Contrary to what you might believe, this isn't about what I feel when I see a certain person or when I hear a certain song. This is a story about a struggle and pain but mostly happiness. This is a journey. This is a story. This is my story.
I never really knew the great feeling of my heart beating until I was 17 years old in the hospital after heart surgery. Most athletes get better as they get older, but I was a little different than that. I was getting worse as I got older, and I couldn't figure out why. I wouldn't have admitted it back then, but I wasn't as good as my peers, and I wasn't getting any better.
Finally, my sophomore year I went to the University of Alabama and ended up catching the flu. After a couple days I seemed fine again, but then I came back home and was constantly feeling sick or under the weather. I never threw up or anything, but I could barely stand without feeling like I would throw up or pass out. There were days when I constantly just shook because I felt so sick and nothing would come out.

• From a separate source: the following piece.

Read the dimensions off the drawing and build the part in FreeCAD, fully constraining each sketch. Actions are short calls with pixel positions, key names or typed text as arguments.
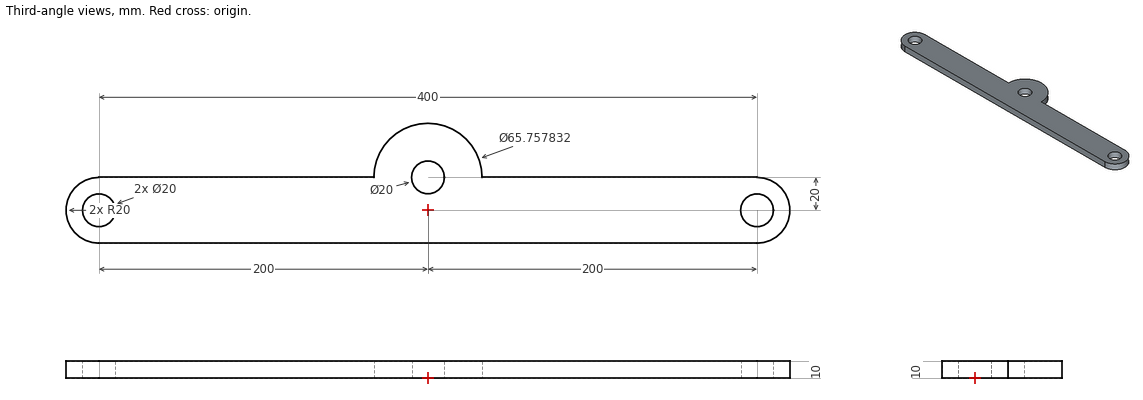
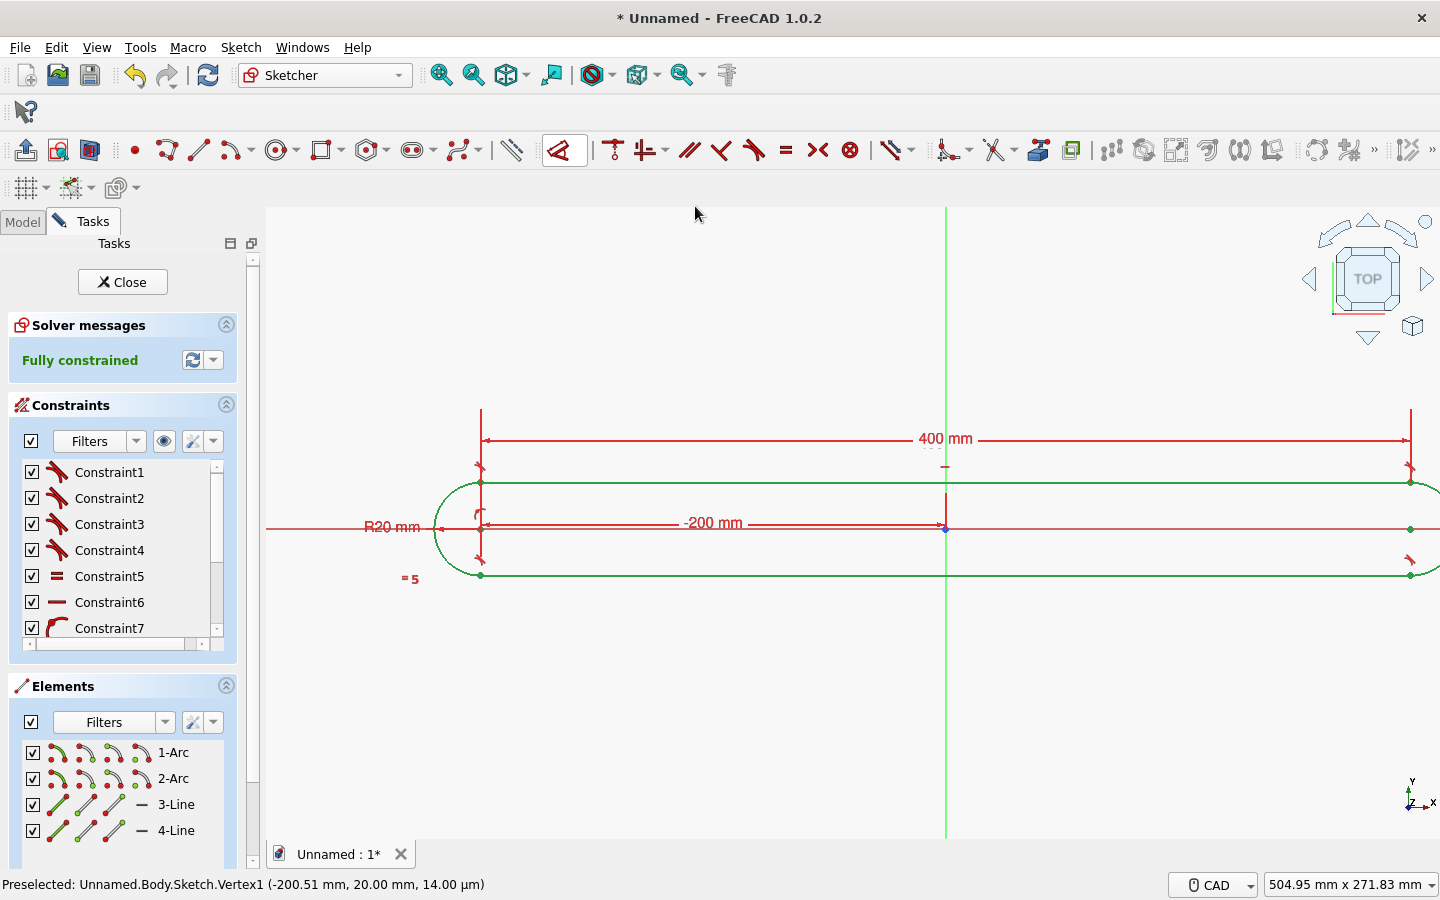
click(123, 282)

Fast forward to January of junior year. When I was 16, I was diagnosed with a heart condition. I was diagnosed with Postural Orthostatic Tachycardia Syndrome. I wasn't getting enough blood flow to my brain, and when I got up too fast I'd feel so lightheaded I would feel like I was about to pass out. To top it off, I had a slight case of Median Arcuate Ligament Syndrome. This is where a ligament is pressing down on your celiac artery, an important artery connecting your heart and stomach.

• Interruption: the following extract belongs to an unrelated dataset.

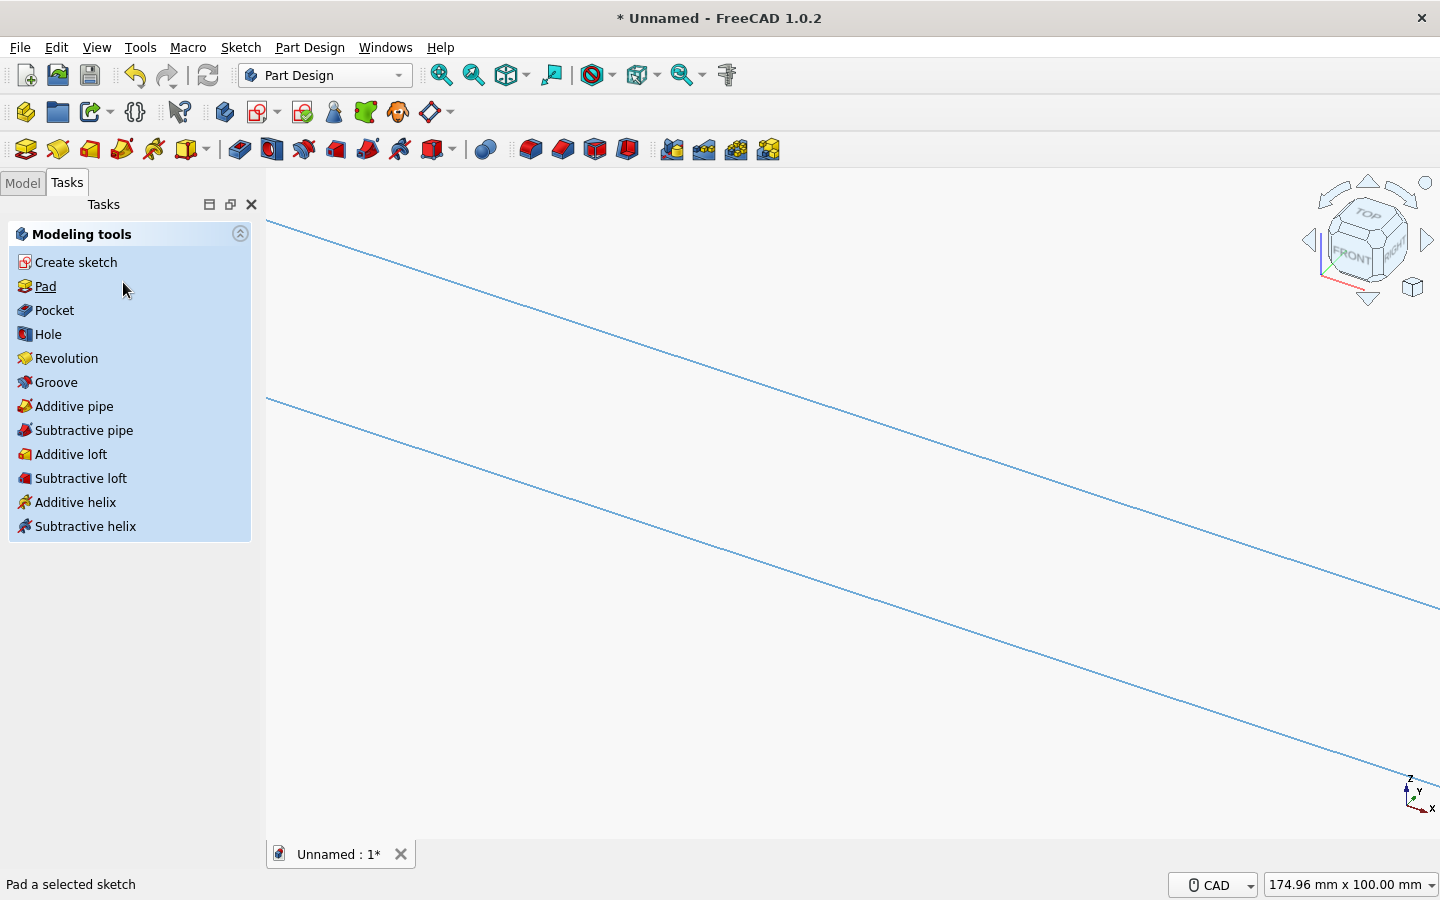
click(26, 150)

Things were fine until September of senior year when I started to lose weight drastically. I dropped 15 pounds. This is where the real heartbreak came in. At the time I was in an emotionally abusive relationship, but I realize now that the relationship was never what broke my heart. It was my health.
I isolated myself from many people. I'd lie in bed and think that everything would be over for me in the morning. I'd tell myself, "I'm just going to give up," but the problem was my mind never let me. I didn't know I had it in me to keep going. I cried myself to sleep most nights wishing I was different and wishing I was okay because everything hurt and I didn't know what to do anymore. I remember one night texting my sister and begging her to convince my mom to let me get the heart surgery to fix the ligament pressing down on my celiac.
A couple months down the road, I got that surgery. The night after my surgery I was lying in my bed when I felt my heart beating and I almost screamed with joy. I remember smiling from ear to ear and knowing that I would feel this feeling for the rest of my life.
I'm training for ROTC right now, and my trainer is definitely not putting me through easy exercises. During the exercises I sometimes wonder if I can actually do ROTC and not give up. Then there's this moment where I'm resting in between exercises and I can feel my heart beating and my pulse throughout my whole body. At that moment, I know I can do it. I can always do it, no matter what.